Deputy Foreign Minister Abbas Araghchi, who is in charge of nuclear negotiations, said that Iran would keep reducing its commitments every 60 days until other signatories move to get the deal back on track.

French President Emmanuel Macron said at the weekend that he was doing all he could to resume dialogue following last week’s seizure of an Iranian oil tanker by Britain, reportedly on US instructions.

Iran has said it is open to returning to talks and would be happy for all original signatories to the deal, including the US, to take part on condition that the US lift its sanctions.

But the country’s communist Tudeh Party warned that breaching the deal’s terms would be “seized on by the US and its allies in Israel, Saudi Arabia and the United Arab Emirates” and could be used as a pretext for an attack.
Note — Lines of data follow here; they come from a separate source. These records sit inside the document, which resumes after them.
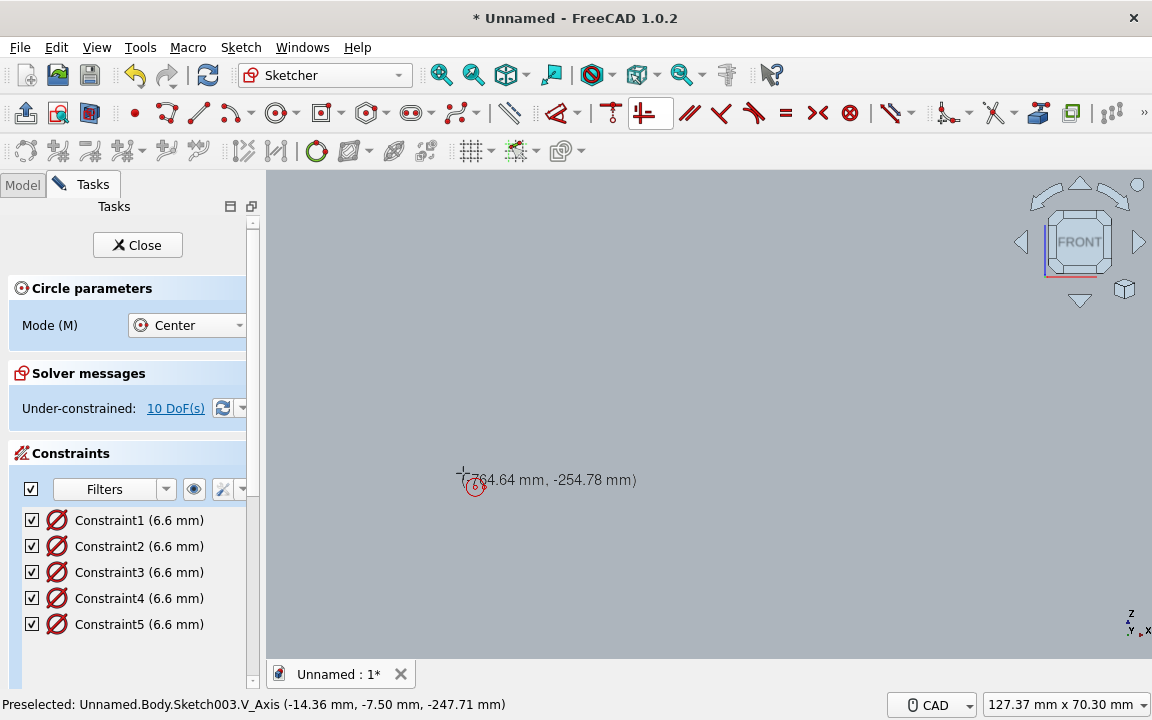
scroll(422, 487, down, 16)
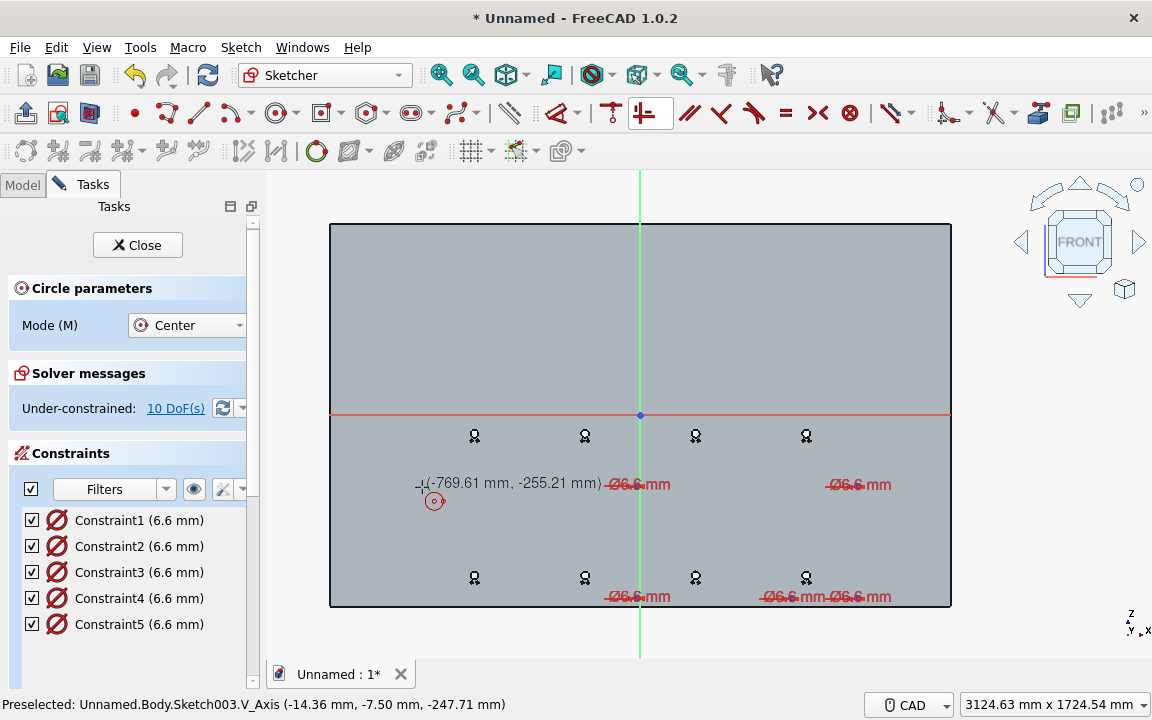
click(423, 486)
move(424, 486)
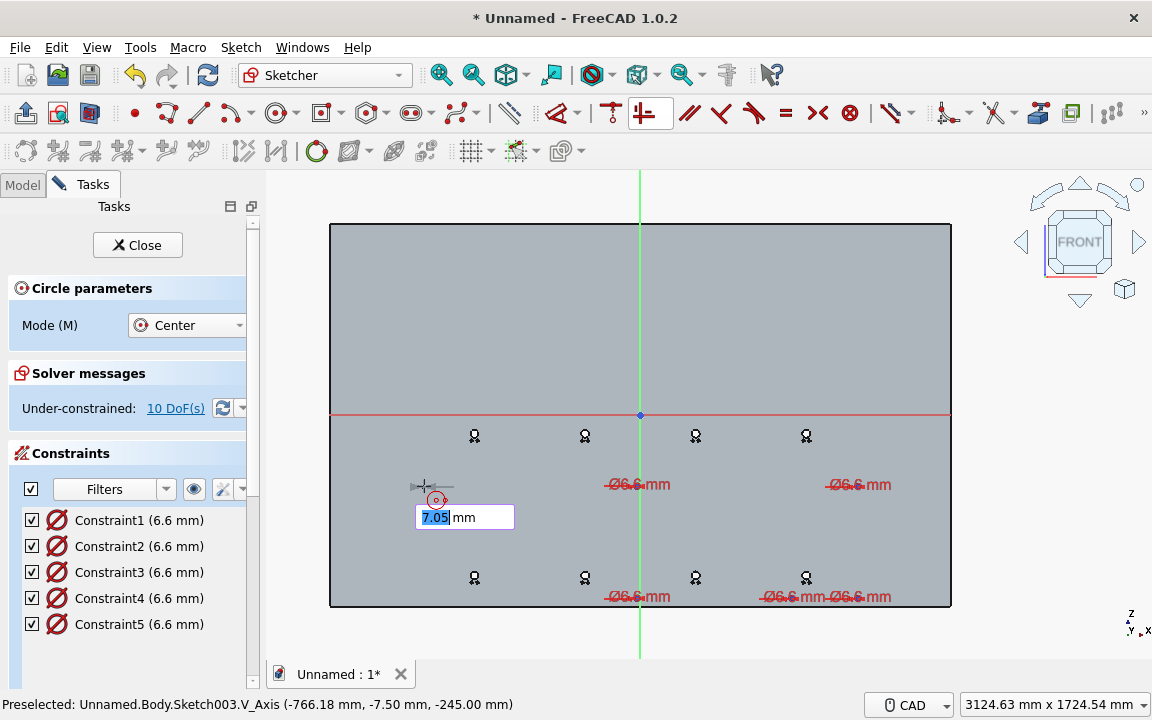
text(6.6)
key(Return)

Tudeh international secretary Navid Shomali said: “While it is Trump’s government that has heightened the tensions by unilaterally withdrawing from the [nuclear deal] and massively increasing the pressures on Iran with a crippling sanctions regime, Araghchi’s announcement is a sign of further escalation.

“Iran’s national economy has already been hollowed out after three decades of neoliberal economic restructuring which has turned it into a rentier, import-based and dollar-based economy relying on the export of crude oil.

“Any provocation could be seized upon by the US,” whose military threats have created “an ominously similar situation to that created during the lead-up to regime change in Iraq,” Mr Shomali told the Morning Star.

Israeli Prime Minister Benjamin Netanyahu said that sanctions on Iran should be tightened in response to the news.